Can Rely on Dynamic AMP Sampling

USIs or UPIs if only used with equality predicates
NUSIs with an even distribution of values
NUPIs that display even distribution, and if used for joining, conform to assumed uniqueness (see Point #2 under “Other Considerations” below)
See “Other Considerations” for additional points related to dynamic AMP sampling

Collect Multicolumn Statistics

Groups of columns that often appear together with equality predicates. These statistics are used for single-tables estimates.
Groups of columns used for joins or aggregations, where there is either a dependency or some degree of correlation among them. With no multicolumn statistics collected, the optimizer assumes complete independence among the column values. The more that the combination of actual values are correlated, the greater the value of collecting multicolumn statistics is in this situation.
Specify a name for such statistics, for ease of recollection, viewing, and/or dropping.

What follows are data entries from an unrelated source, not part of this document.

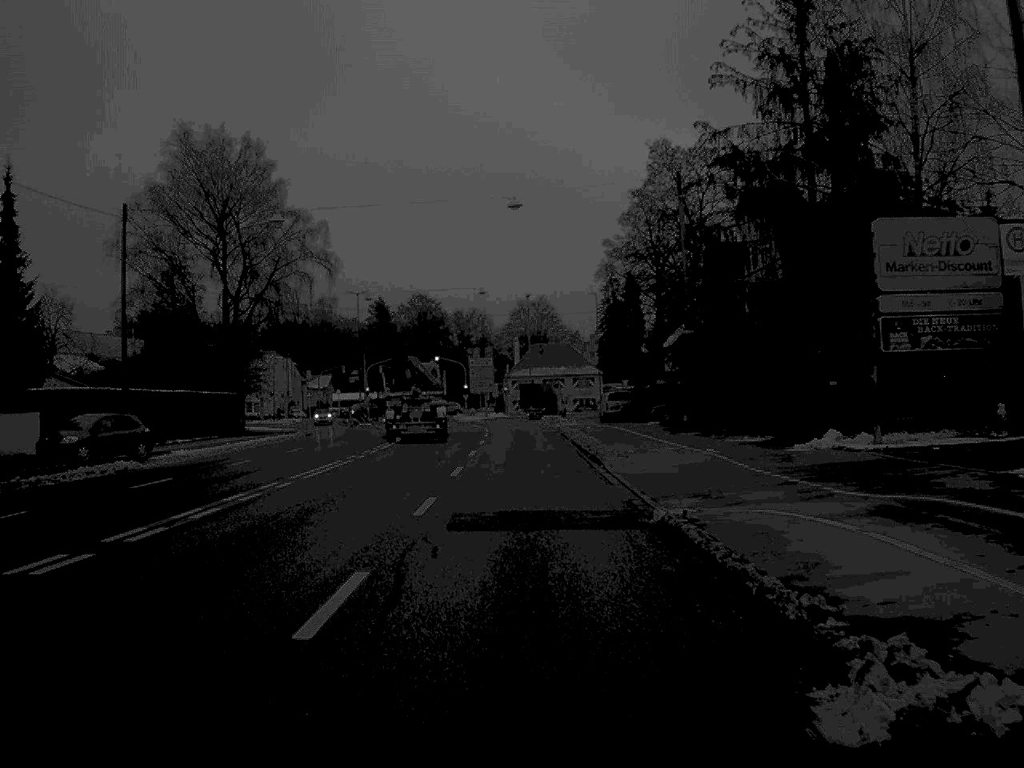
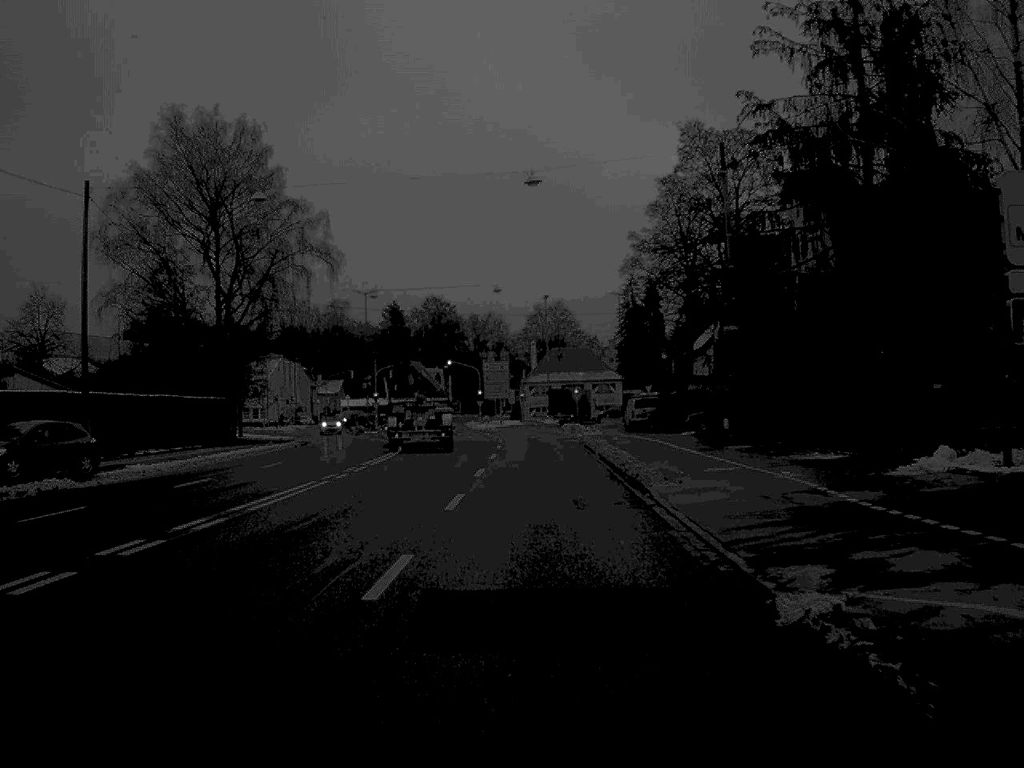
(-0.1, +7.0) m; -1°
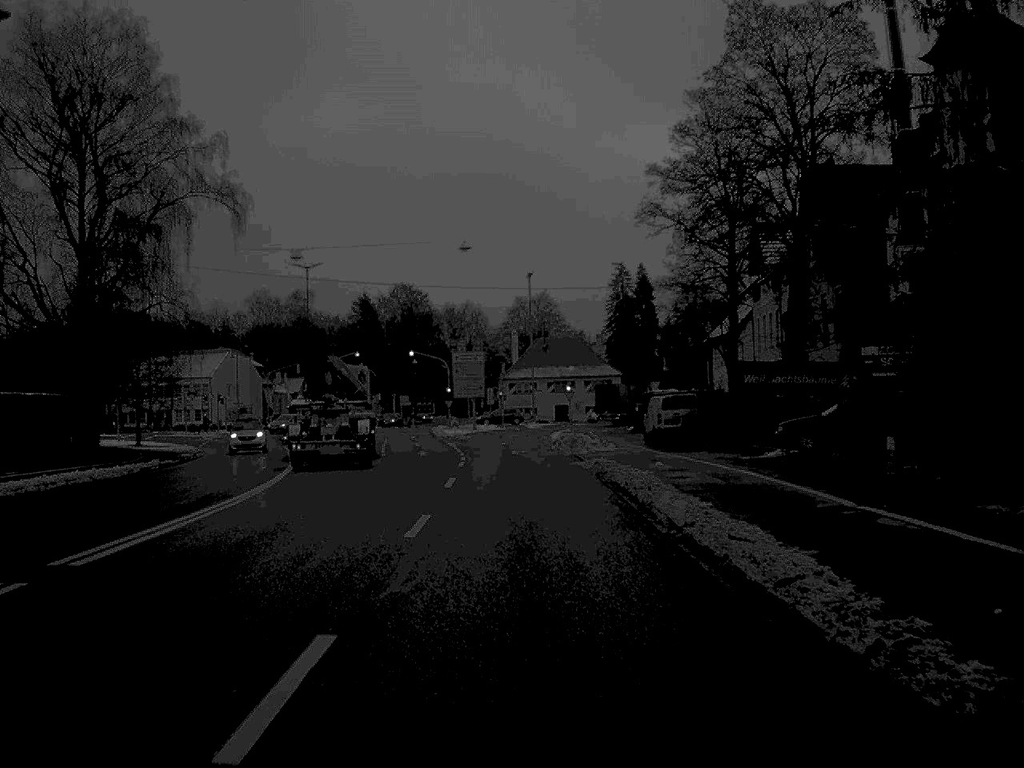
(+0.1, +22.5) m; +1°
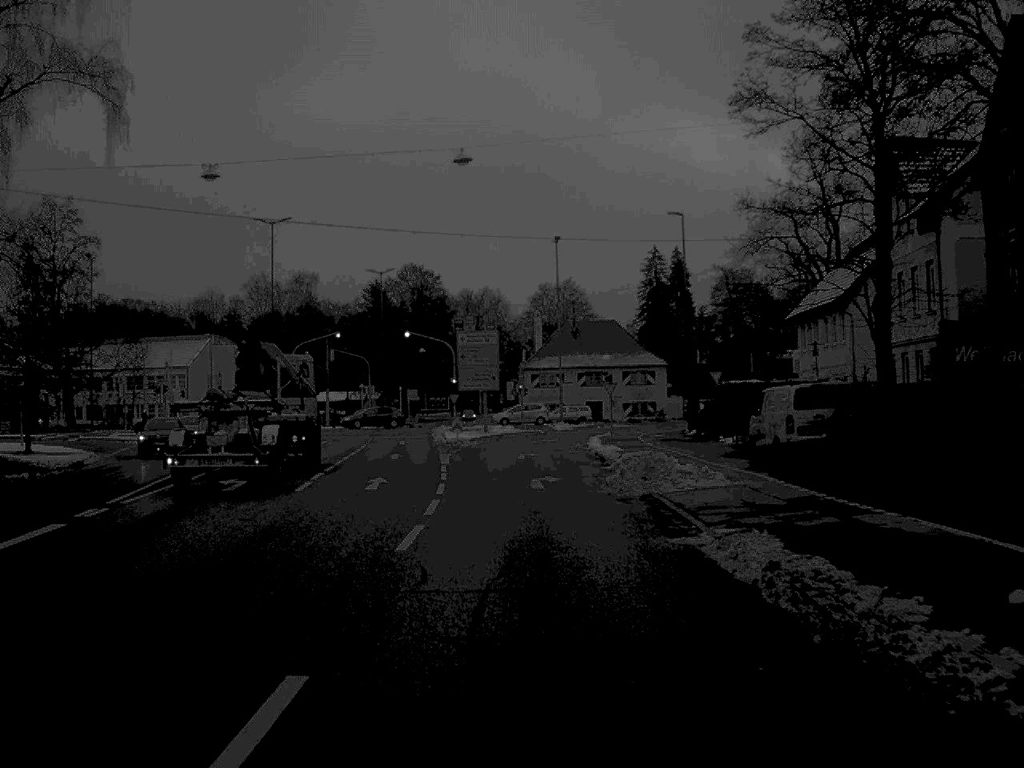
(-0.2, +21.0) m; -1°
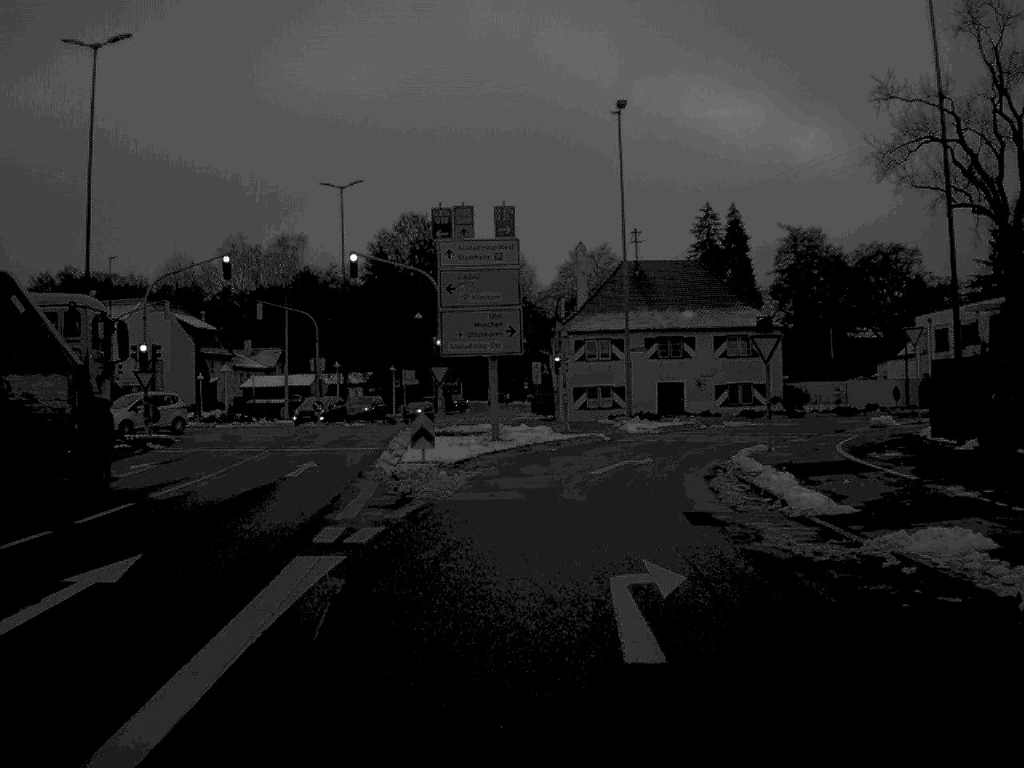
(-0.7, +35.7) m; -1°
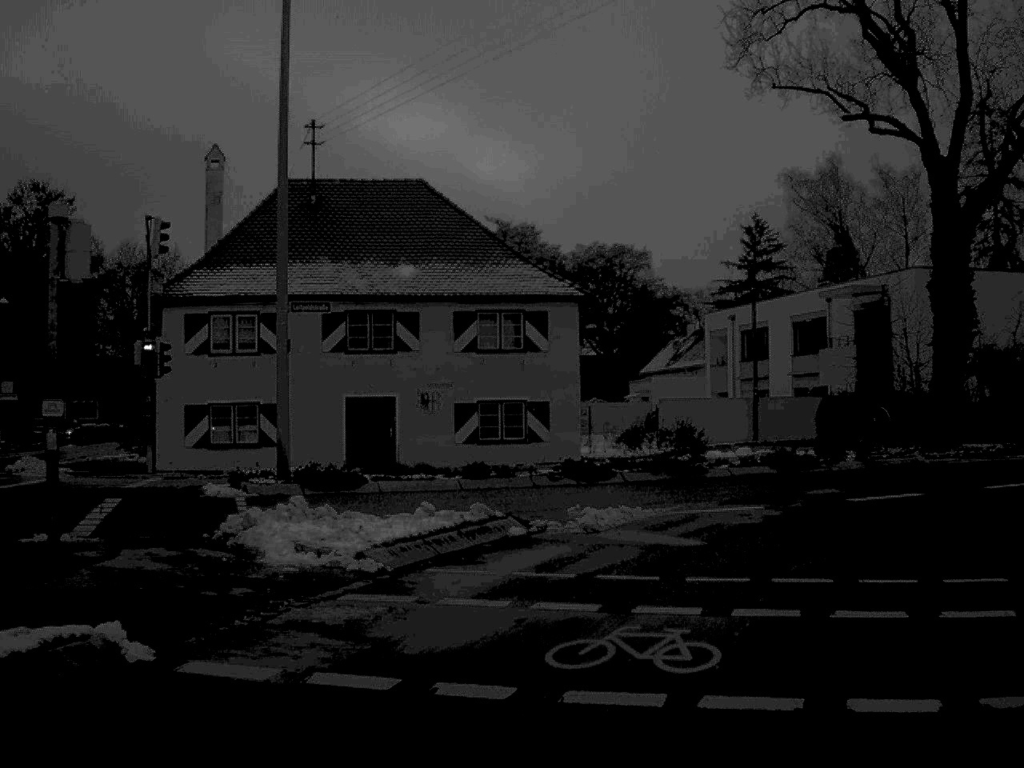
(+2.4, +30.4) m; +15°
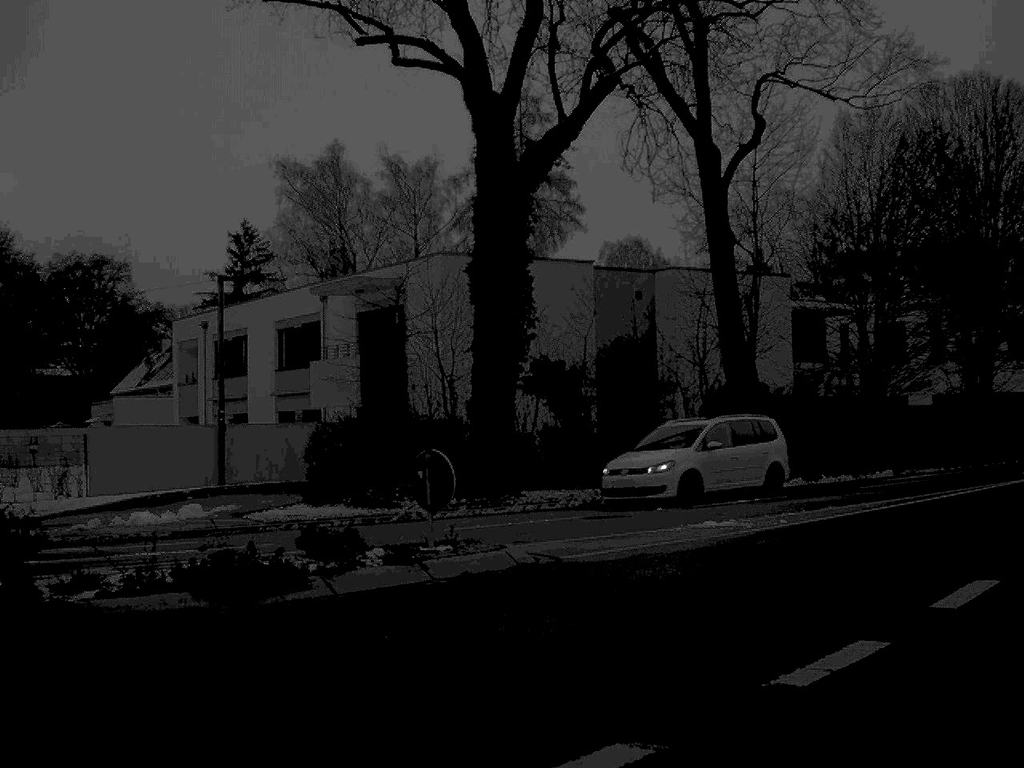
(+2.3, +12.7) m; +23°

General Suggestions for the Statistics Collection Process

When multiple statistics on a table are collected for the first time, group all statistics with the same USING options into a single request.
After first time collections, collect all statistics being refreshed on a table into one statement, and if all are being refreshed, re-collect at the table level.
Do not rely on copied or transferred SUMMARY statistics or PARTITION statistics between tables within a system or across systems. Recollect them natively. This ensures that changes to the configuration and other internal details (such as how internal partitions are arranged) are available to the optimizer.
Recollect table-level SUMMARY statistics after data loading events in order to provide the optimizer with current table row counts and other detail. This operation runs very quickly and supports more effective extrapolations of statistics that were not able to be recollected after updates.
Do not drop and then recollect statistics, as history records for the statistic are lost when the statistic is dropped, making it less likely that the optimizer skips statistics collection or downgrades to sampling.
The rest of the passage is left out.